From what I've been able to find on Scotus and Trent, it seems that there were some disagreements between various council fathers who espoused Scotistic doctrine; but these disputes were on the proper interpretation of Scotus. In particular was mentioned a dispute on what he had to say about the assurance of salvation, about which he made only a few remarks in passing. This did involve the sacrament of Penance, but only contrition vs. attrition.



What, then, does Scotus have to say?


Cross refers us to book IV of the Ordinatio, to d.16 q.2, "Whether the remission or expulsion of fault, and the infusion of grace, are simpliciter one change."


I haven't had much time lately to work on this, and will have less in the future so i'll post it anyway. I skimmed through the Scotus and it seems that Cross is accurate here. At least, Scotus does posit that the infusion of grace is a real change, while the accompanying remission of sins is distinguishable only by reason, ie., a distinction of reason. From the four arguments Scotus makes at the beginning of the question it seems as if this is due to his use of Aristotle. Grace is a form in the will. sin corrupts this form in a real change. In the sacrament of penance, grace is infused again, in a real change. As sin seems to be a privation of grace (this would bear further investigation; I didn't see this spelled out explictly by Scotus), it cannot be corrupted by a real change like grace can. Privations aren't forms in the category of quality.

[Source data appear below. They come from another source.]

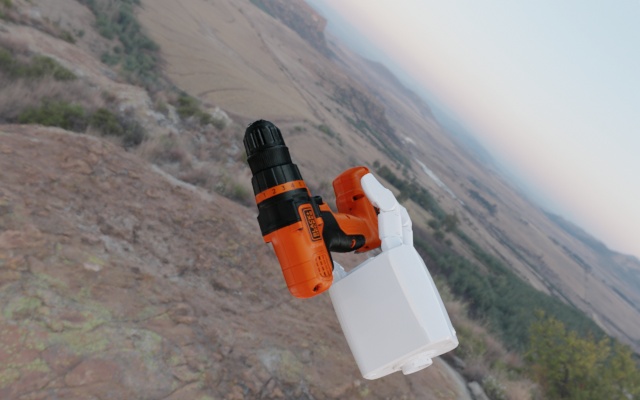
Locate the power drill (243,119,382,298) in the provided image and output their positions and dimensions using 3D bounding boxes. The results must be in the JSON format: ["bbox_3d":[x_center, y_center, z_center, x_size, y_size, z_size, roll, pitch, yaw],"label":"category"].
[{"bbox_3d":[0.000,0.002,0.533,0.057,0.184,0.187,-22,-8,33],"label":"power drill"}]
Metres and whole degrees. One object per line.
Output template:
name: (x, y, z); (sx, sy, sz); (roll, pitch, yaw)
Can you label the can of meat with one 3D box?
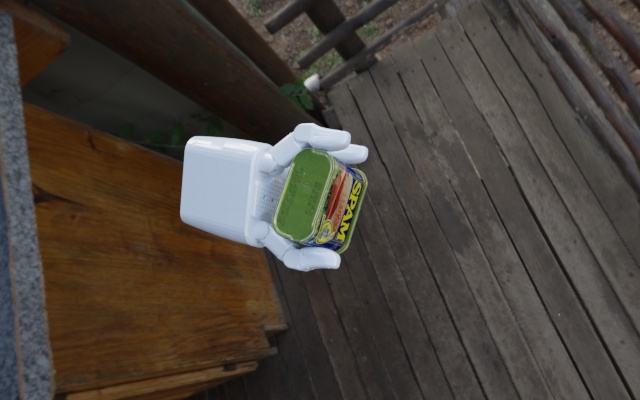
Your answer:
can of meat: (0.000, 0.002, 0.513); (0.057, 0.102, 0.084); (16, -5, 29)
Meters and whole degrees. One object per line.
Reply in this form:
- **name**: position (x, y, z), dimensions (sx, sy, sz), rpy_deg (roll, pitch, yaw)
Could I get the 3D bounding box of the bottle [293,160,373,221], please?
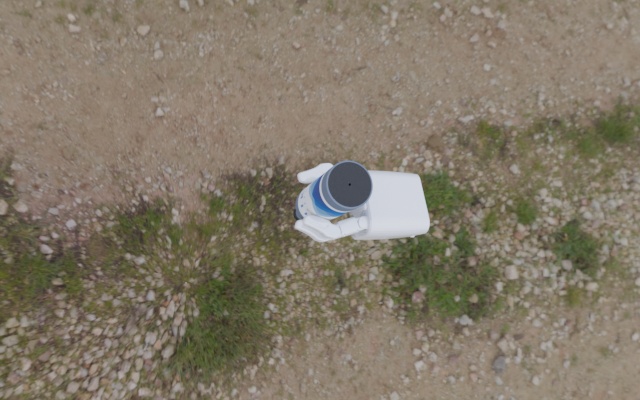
- **bottle**: position (0.000, 0.002, 0.777), dimensions (0.069, 0.069, 0.296), rpy_deg (0, -9, -16)
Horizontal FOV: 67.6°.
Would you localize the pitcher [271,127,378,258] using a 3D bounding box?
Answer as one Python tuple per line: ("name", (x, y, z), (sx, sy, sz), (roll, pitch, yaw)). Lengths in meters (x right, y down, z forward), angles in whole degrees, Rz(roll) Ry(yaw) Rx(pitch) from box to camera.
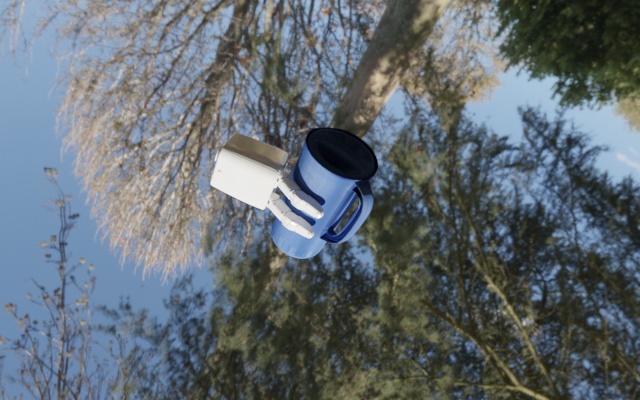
("pitcher", (0.000, 0.003, 0.866), (0.145, 0.243, 0.149), (24, 40, -5))
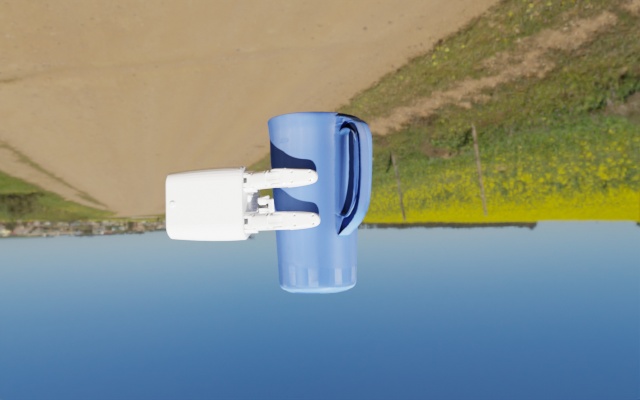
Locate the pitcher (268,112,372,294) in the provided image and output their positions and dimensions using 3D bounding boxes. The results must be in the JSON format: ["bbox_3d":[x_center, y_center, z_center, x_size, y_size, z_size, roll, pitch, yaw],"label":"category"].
[{"bbox_3d":[0.000,0.002,0.663,0.145,0.243,0.149,-2,-3,5],"label":"pitcher"}]
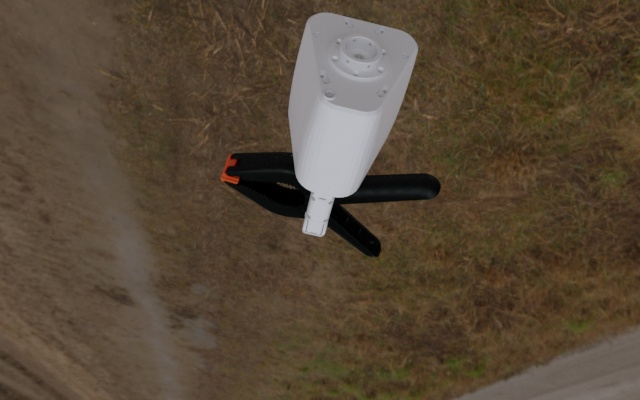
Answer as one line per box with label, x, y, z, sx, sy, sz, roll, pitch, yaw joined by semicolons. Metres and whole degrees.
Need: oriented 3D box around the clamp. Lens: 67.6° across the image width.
clamp;-0.001;0.002;0.509;0.210;0.036;0.165;14;-33;-2
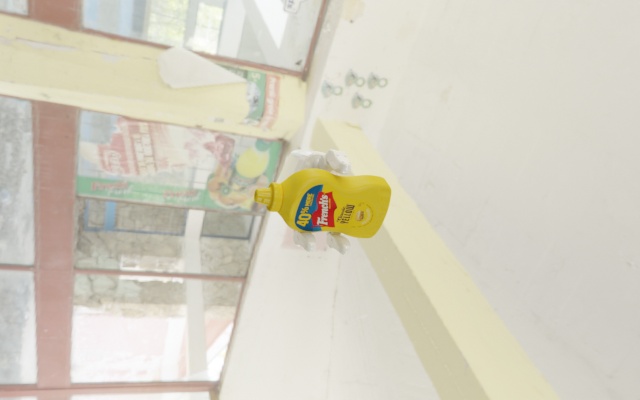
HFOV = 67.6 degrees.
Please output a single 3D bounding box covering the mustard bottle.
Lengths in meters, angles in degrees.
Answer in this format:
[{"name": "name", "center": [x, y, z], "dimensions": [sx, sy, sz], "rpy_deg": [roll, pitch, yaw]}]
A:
[{"name": "mustard bottle", "center": [0.000, 0.002, 0.684], "dimensions": [0.191, 0.096, 0.058], "rpy_deg": [7, 33, -21]}]
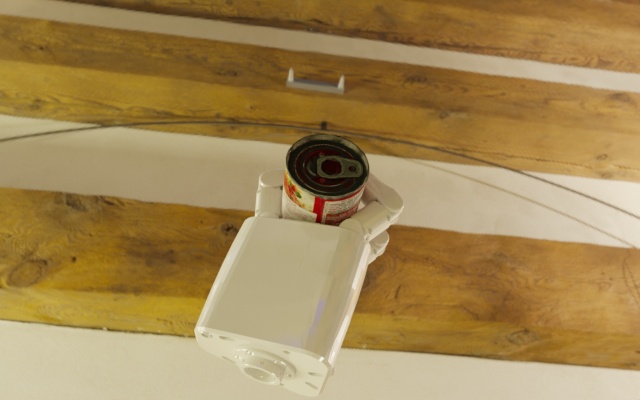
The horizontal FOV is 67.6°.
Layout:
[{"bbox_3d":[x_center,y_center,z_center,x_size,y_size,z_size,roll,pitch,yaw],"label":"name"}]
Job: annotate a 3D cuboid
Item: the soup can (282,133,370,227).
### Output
[{"bbox_3d":[0.000,0.001,0.420,0.068,0.068,0.102,0,-38,-8],"label":"soup can"}]
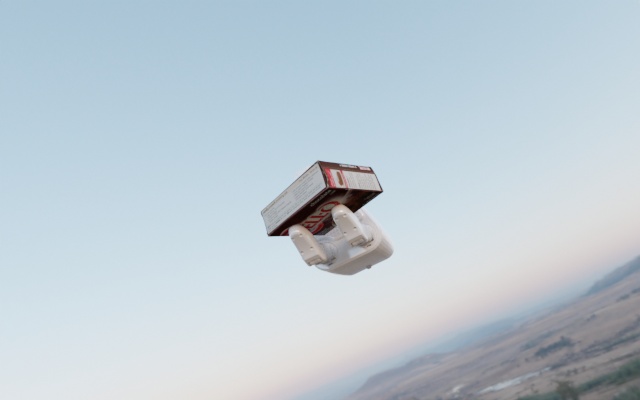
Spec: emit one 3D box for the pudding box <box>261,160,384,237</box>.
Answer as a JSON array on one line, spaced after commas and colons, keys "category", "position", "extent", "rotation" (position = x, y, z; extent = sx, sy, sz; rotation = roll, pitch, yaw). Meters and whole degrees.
[{"category": "pudding box", "position": [0.000, 0.002, 0.542], "extent": [0.090, 0.039, 0.113], "rotation": [1, -33, -44]}]
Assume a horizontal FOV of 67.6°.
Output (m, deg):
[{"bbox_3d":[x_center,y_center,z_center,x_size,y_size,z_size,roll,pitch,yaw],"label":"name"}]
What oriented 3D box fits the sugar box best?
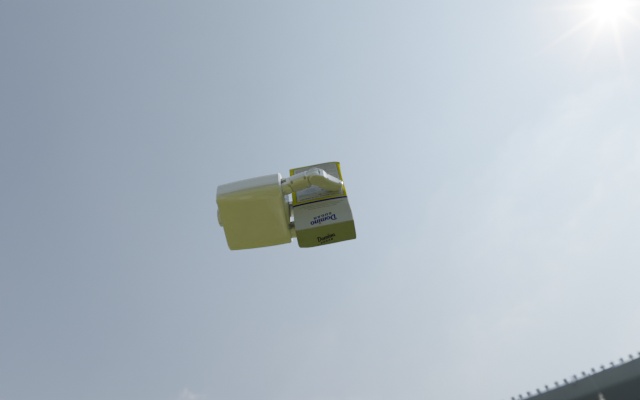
[{"bbox_3d":[0.000,0.003,0.797,0.093,0.048,0.176,-10,39,1],"label":"sugar box"}]
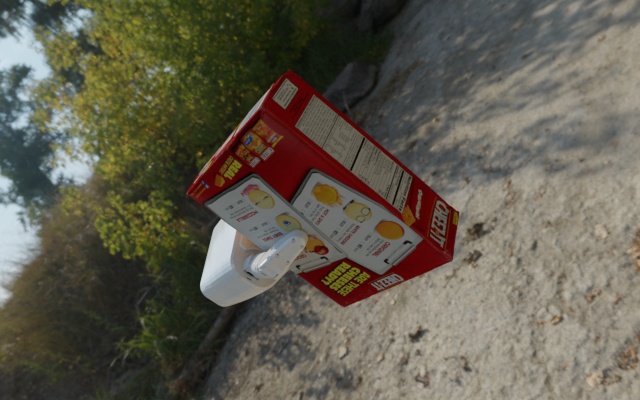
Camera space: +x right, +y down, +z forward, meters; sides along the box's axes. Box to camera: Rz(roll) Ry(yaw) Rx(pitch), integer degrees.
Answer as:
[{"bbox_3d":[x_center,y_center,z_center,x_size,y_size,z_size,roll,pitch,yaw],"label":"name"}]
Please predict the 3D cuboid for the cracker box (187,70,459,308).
[{"bbox_3d":[0.000,0.002,0.467,0.214,0.072,0.164,37,-42,-15],"label":"cracker box"}]
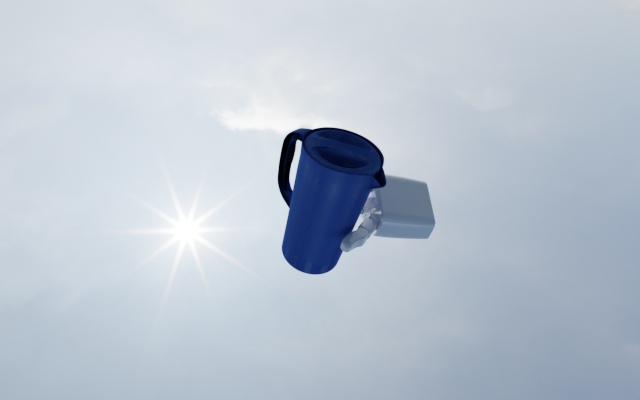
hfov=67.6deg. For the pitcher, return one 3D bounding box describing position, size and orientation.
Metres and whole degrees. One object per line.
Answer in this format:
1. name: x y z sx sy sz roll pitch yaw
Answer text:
1. pitcher: 0.000 0.003 0.811 0.145 0.243 0.149 4 38 -17
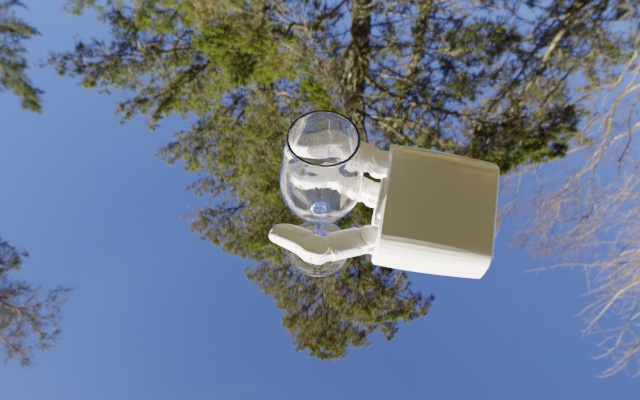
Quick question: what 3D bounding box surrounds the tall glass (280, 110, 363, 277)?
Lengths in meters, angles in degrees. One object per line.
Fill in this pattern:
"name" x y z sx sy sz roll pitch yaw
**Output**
"tall glass" 0.000 0.002 0.479 0.079 0.079 0.201 0 -33 -1
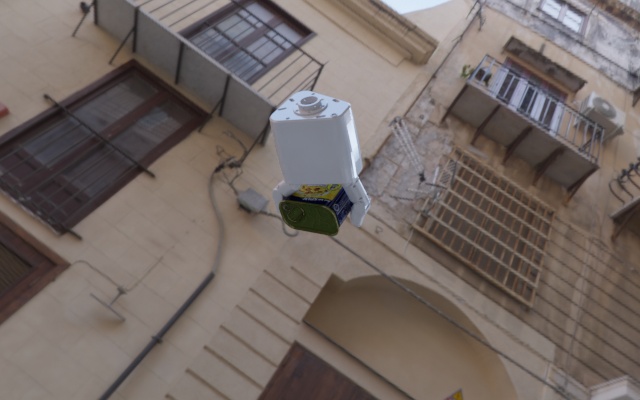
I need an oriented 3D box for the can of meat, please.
[{"bbox_3d":[0.000,0.002,0.749,0.102,0.057,0.084,8,42,31],"label":"can of meat"}]
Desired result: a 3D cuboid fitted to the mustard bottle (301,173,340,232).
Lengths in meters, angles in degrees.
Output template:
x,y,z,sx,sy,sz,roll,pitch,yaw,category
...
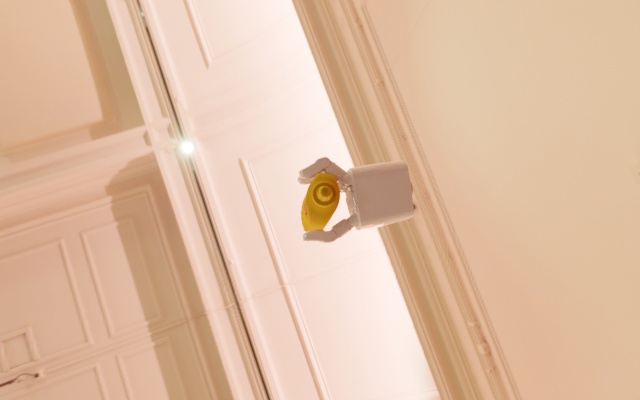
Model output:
x,y,z,sx,sy,sz,roll,pitch,yaw,category
0.000,0.003,0.849,0.058,0.096,0.192,13,-11,-4,mustard bottle
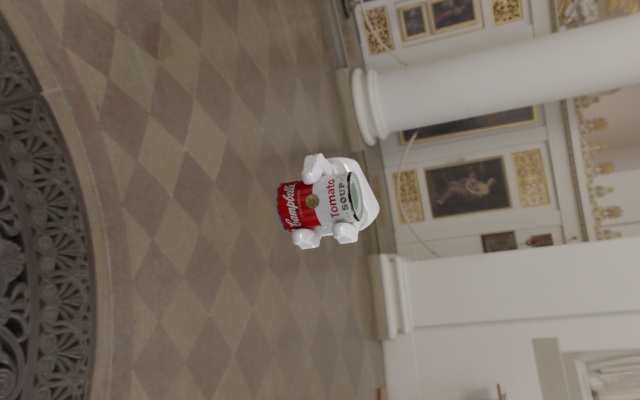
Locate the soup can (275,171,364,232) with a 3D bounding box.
[{"bbox_3d":[0.000,0.002,0.633,0.102,0.068,0.068,-9,-3,17],"label":"soup can"}]
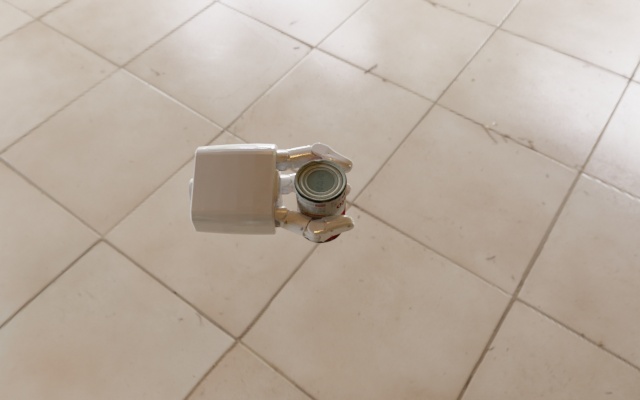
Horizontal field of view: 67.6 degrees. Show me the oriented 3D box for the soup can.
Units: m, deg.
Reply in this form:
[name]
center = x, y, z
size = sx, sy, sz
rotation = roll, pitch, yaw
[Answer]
[soup can]
center = 0.001, 0.002, 0.631
size = 0.068, 0.068, 0.102
rotation = 0, -34, 0
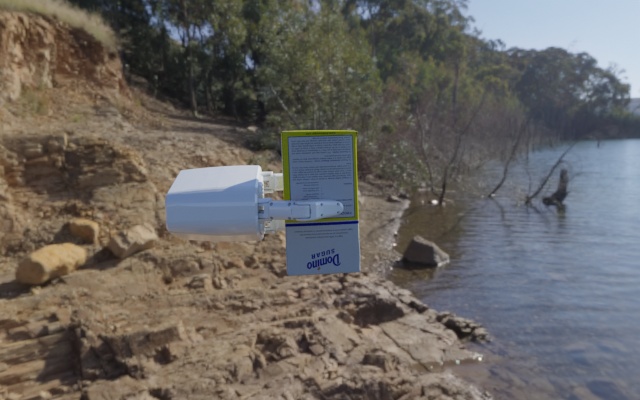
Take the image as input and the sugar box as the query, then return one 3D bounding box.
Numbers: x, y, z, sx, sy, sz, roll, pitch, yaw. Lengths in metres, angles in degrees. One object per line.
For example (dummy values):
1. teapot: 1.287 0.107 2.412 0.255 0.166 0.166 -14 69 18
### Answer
1. sugar box: 0.000 0.002 0.595 0.093 0.176 0.048 -2 8 -4
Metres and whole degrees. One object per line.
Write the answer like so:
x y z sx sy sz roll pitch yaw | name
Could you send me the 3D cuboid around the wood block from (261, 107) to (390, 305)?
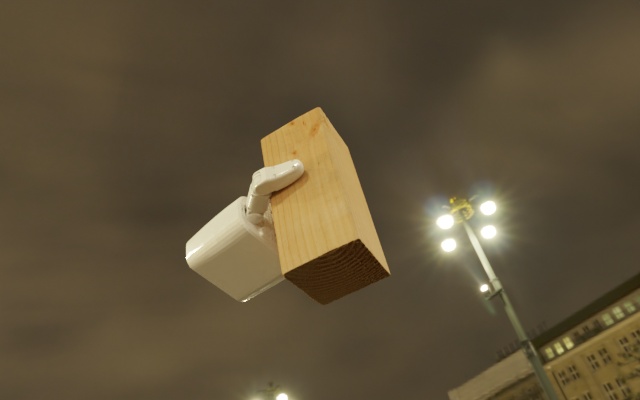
0.000 0.002 0.561 0.090 0.206 0.091 -27 -42 14 | wood block
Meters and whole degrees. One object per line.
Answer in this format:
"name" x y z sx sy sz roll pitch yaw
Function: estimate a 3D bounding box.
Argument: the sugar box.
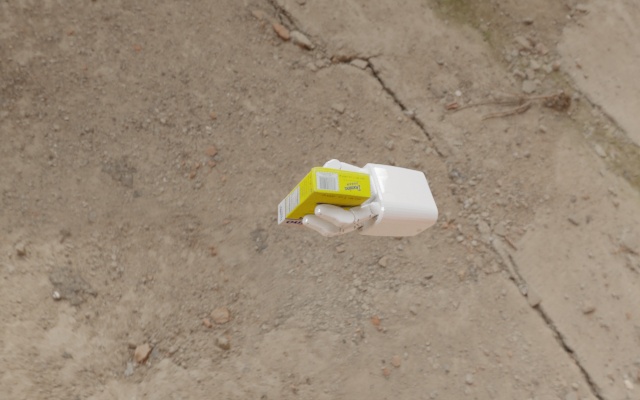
"sugar box" 0.000 0.003 0.767 0.093 0.048 0.176 6 -24 -20
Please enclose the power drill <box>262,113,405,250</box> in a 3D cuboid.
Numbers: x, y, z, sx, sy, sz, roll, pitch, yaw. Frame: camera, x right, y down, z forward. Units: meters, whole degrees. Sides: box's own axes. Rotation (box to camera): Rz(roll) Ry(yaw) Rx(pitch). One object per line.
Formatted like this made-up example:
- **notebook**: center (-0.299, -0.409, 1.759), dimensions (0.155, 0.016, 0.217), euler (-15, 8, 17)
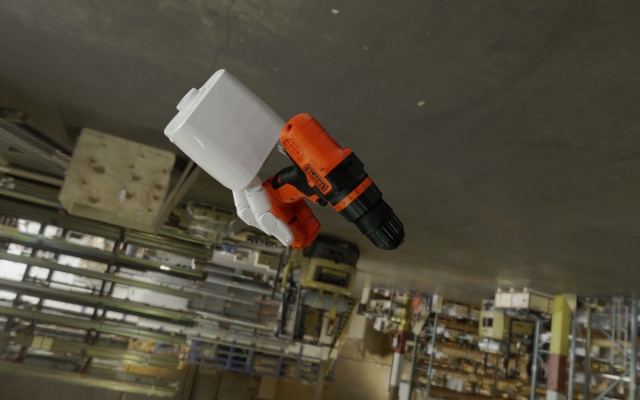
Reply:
- **power drill**: center (0.000, 0.002, 0.589), dimensions (0.057, 0.184, 0.188), euler (-41, 2, -32)

That's it for now. As for Cross, he seems to have all the right pieces, but hides the bit about grace at the end of one paragraph, and then spends the next two pages emphasizing the remission of sin without a real change. The net result is to make Scotus sound like a proto-protestant if one has missed the bit about grace. It is somewhat distorted and I do not know why Cross put it that way. But he had a lot on his plate in that book and so perhaps can be forgiven. The question would bear more looking into, however, as this is a long question in Scotus, with even lengthier commentary by the 16th century scotist. Trent is mentioned left, right, and center. But, it does not seem to be relevant to the issue at hand, ie, did Trent censure this alleged protestant teaching of the subtle doctor. The answer is no. The Council wasn't looking to settle longstanding scholastic disputes.